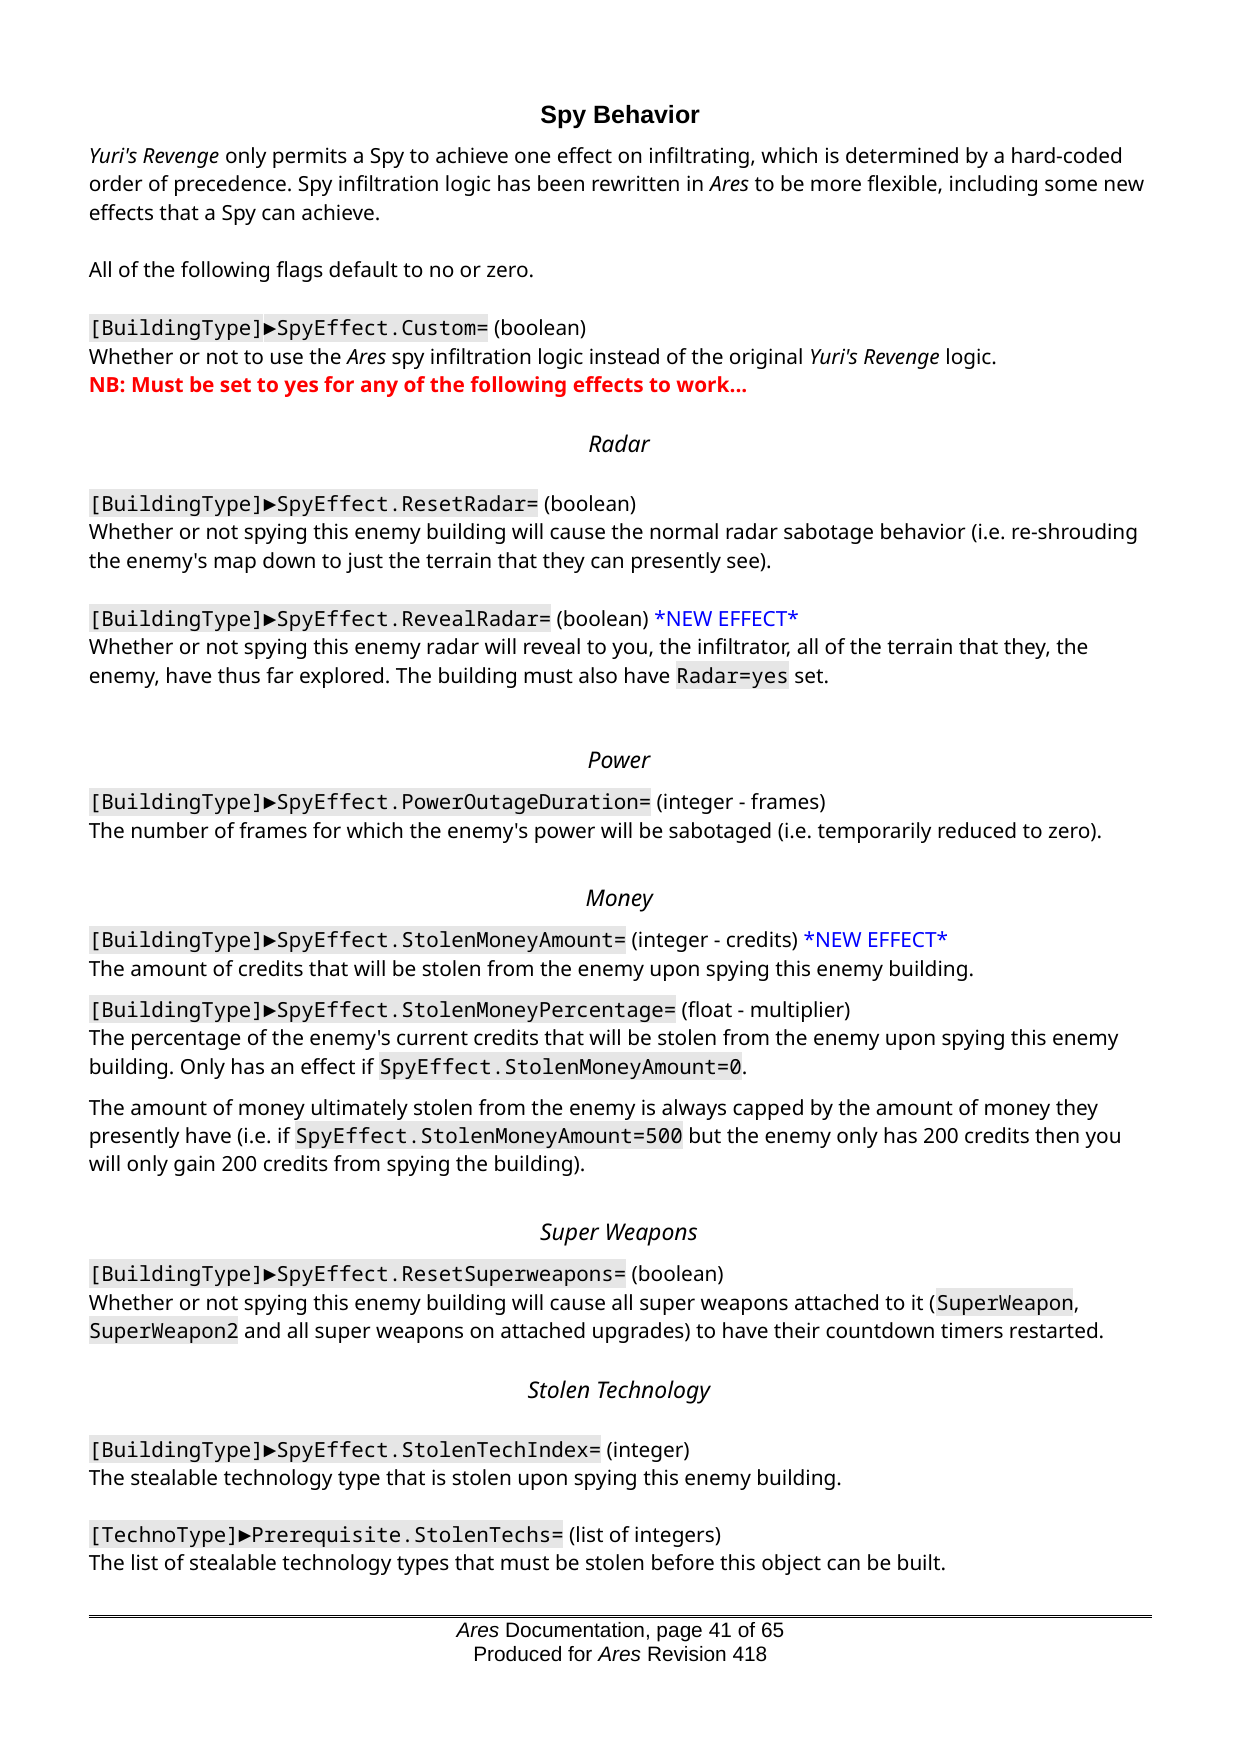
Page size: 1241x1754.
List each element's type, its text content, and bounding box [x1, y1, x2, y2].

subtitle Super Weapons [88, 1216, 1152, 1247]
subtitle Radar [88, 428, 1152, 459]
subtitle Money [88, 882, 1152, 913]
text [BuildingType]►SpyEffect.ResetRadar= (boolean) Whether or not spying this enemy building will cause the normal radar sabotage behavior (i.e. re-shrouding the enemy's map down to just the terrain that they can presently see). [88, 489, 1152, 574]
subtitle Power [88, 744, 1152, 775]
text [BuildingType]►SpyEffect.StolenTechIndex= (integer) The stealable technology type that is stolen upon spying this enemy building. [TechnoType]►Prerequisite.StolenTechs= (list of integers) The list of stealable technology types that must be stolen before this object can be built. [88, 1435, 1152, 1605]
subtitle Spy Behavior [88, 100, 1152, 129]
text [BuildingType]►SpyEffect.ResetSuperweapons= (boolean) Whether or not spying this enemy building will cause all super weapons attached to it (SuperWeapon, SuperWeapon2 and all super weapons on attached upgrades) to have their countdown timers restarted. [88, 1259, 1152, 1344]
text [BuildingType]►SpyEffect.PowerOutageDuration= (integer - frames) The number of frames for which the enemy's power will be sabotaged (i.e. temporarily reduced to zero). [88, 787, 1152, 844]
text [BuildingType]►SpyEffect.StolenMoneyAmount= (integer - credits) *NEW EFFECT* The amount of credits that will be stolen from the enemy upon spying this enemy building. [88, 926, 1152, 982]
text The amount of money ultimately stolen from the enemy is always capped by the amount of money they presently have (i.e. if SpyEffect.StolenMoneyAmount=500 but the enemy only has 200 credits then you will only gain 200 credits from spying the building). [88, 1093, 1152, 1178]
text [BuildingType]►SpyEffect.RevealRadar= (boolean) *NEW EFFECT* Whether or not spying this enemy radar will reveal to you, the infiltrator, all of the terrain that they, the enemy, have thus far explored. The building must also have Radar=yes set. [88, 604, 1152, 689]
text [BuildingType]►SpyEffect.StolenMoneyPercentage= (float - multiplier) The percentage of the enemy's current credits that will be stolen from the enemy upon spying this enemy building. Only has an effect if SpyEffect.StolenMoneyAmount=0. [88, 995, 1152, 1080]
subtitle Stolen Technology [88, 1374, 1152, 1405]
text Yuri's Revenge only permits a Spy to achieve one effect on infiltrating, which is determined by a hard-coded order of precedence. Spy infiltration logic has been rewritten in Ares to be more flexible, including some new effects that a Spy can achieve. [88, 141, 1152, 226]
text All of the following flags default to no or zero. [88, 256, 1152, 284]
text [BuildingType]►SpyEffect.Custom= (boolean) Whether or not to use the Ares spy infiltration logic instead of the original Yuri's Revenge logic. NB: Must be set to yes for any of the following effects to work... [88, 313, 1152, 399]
...
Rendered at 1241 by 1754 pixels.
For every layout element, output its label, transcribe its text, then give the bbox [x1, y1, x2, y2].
==
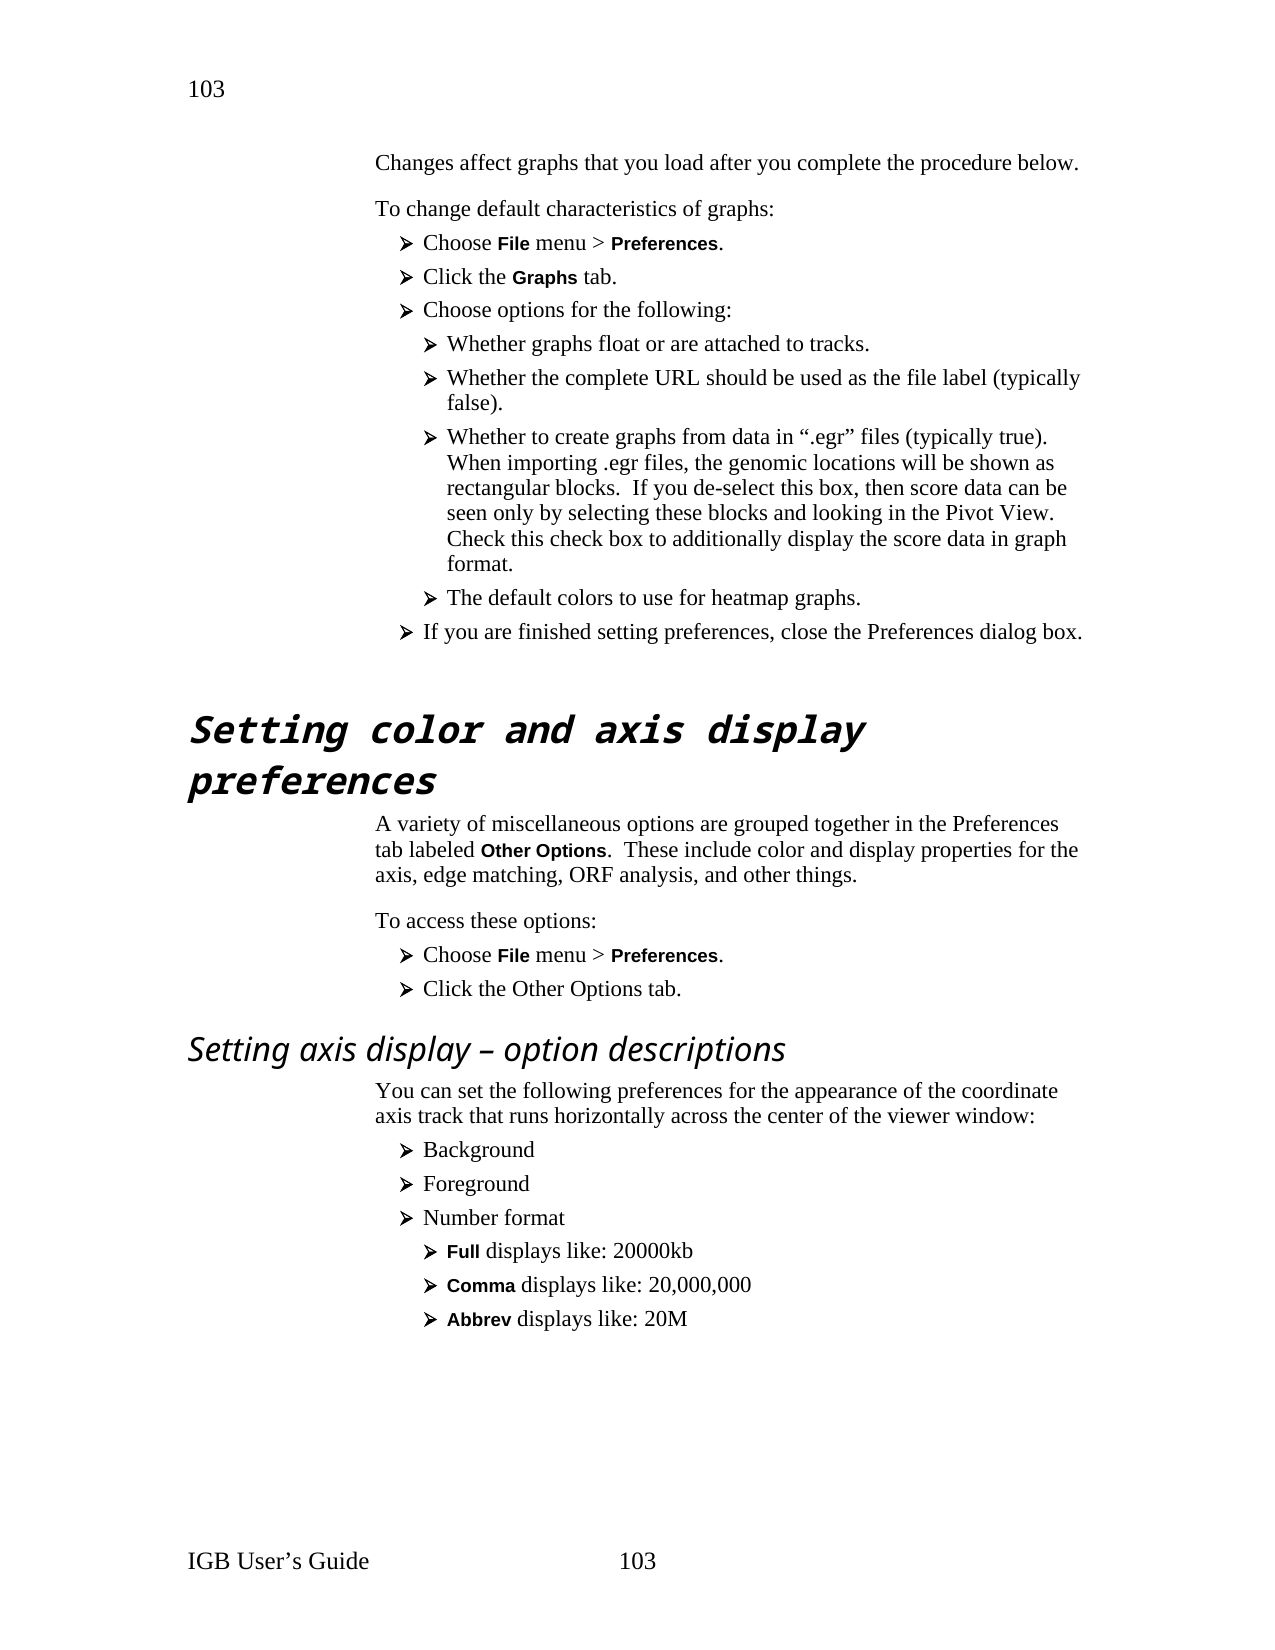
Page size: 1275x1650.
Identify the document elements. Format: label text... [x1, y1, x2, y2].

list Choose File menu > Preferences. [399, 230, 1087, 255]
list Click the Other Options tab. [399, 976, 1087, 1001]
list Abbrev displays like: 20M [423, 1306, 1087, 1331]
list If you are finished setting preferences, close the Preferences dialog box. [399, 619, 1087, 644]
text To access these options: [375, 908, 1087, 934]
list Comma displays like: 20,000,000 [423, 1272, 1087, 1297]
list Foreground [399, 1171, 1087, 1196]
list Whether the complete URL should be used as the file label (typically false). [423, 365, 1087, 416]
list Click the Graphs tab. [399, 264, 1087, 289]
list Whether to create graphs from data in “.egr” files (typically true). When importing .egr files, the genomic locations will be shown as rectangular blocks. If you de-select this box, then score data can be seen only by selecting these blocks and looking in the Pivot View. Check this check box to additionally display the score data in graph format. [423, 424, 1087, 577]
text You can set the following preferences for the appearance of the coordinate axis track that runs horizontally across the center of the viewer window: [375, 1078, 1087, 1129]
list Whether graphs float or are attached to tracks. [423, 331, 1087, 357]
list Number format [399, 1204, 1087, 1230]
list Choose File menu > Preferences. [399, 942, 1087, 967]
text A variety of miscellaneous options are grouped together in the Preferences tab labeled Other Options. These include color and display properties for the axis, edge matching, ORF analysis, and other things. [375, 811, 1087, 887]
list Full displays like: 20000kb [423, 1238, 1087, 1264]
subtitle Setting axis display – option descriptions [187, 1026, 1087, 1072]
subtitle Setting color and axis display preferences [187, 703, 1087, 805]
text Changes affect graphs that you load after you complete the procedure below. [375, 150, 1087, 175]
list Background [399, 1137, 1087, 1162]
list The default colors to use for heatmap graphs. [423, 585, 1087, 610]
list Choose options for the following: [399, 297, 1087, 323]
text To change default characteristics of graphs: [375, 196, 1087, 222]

* [Instructions for the task]: For the listing above, identify each line bearing "Page".

* [Exercise answer]:
Page size: 1241x1754.
Page size: 1275x1650.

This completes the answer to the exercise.